• _Given data_
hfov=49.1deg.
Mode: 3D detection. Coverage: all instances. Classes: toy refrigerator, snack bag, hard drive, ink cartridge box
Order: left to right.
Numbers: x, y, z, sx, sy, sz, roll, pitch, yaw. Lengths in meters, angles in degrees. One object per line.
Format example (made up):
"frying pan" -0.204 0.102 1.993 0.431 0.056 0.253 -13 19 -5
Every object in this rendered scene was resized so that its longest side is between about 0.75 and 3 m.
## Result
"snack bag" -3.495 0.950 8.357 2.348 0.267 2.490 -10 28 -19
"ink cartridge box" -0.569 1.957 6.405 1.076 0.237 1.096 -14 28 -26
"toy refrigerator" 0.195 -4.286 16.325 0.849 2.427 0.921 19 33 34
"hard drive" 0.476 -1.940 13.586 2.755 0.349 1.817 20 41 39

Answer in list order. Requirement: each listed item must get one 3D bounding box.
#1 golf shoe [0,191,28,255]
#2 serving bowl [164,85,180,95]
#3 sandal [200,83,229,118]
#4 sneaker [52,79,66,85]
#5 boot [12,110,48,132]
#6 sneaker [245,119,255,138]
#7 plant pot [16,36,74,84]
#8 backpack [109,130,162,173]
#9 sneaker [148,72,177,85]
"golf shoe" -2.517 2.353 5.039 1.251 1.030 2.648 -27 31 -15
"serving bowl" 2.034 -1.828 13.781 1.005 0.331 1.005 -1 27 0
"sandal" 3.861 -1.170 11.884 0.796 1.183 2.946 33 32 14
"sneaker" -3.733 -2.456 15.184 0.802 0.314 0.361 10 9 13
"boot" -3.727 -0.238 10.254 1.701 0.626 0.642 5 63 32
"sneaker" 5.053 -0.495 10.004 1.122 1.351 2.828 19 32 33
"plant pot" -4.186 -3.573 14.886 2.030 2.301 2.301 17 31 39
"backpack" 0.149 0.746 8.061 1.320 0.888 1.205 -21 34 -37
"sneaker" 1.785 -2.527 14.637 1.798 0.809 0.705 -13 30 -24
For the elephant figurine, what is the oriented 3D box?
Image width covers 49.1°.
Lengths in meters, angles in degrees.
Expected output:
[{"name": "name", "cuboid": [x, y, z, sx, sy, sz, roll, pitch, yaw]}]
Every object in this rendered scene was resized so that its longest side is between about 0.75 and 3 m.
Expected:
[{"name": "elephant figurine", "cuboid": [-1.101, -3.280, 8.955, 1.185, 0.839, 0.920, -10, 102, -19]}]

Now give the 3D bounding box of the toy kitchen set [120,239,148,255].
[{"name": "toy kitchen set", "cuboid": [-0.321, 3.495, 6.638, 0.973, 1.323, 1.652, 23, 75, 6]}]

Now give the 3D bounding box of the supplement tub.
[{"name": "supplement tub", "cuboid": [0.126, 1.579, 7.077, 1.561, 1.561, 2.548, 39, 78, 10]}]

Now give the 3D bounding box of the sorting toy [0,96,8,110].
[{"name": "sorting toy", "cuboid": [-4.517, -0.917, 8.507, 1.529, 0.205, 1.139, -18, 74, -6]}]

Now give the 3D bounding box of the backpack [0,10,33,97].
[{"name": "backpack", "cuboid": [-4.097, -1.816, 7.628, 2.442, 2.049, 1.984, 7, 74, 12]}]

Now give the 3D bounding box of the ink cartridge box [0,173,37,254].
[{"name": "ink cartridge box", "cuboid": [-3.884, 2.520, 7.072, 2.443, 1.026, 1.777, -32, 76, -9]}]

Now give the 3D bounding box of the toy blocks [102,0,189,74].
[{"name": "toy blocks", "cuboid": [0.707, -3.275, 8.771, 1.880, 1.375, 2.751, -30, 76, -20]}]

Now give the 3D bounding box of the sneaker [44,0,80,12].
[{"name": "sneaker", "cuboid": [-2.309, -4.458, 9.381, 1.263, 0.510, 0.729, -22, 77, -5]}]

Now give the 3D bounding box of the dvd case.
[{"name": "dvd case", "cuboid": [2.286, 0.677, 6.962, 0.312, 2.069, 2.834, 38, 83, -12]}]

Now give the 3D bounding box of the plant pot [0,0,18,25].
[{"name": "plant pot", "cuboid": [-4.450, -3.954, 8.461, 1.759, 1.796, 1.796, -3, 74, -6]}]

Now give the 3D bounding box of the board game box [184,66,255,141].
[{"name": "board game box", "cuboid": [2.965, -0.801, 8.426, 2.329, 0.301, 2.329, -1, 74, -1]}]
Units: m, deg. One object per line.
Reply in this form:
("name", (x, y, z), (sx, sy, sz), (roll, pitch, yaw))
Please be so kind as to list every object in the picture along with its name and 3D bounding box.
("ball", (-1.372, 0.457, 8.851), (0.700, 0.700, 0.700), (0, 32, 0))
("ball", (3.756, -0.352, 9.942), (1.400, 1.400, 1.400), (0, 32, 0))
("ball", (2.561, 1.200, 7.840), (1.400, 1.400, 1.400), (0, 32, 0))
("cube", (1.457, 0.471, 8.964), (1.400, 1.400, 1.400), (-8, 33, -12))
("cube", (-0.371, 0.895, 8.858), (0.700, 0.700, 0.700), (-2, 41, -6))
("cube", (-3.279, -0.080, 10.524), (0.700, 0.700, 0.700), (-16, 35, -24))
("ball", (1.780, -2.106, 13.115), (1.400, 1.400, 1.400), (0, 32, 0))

==

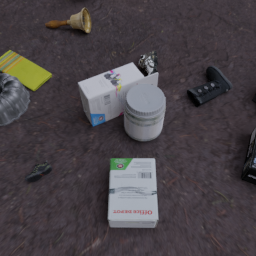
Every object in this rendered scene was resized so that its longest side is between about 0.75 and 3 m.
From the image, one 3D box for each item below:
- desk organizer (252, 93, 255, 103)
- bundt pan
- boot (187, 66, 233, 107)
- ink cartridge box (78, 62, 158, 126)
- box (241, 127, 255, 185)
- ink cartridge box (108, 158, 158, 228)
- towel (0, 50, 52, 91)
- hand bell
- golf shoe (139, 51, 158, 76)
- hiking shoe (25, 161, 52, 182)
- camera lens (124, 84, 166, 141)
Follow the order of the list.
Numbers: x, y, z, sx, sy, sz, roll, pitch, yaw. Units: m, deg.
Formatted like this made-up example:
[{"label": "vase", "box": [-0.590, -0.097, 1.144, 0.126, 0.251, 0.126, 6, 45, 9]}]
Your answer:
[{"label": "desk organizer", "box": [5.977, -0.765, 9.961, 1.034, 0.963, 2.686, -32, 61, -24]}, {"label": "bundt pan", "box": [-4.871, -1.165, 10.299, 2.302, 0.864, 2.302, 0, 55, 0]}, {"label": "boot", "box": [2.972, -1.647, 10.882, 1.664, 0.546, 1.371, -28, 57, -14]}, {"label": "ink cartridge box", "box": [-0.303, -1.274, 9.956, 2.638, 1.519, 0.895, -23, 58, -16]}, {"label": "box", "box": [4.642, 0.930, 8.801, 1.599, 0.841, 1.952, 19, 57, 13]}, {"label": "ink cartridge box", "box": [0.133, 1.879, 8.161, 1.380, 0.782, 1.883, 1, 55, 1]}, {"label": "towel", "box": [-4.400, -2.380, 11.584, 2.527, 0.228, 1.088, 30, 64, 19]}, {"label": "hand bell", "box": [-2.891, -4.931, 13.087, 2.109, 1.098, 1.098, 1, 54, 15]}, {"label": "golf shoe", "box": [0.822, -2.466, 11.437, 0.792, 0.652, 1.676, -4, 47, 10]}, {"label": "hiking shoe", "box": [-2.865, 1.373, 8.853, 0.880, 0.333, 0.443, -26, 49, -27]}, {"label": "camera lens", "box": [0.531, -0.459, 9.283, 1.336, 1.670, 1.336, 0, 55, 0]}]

• _What the task requires_
In the records above, how many lines include the string "each"? Answer with only the number.

• _Output of the exercise_
2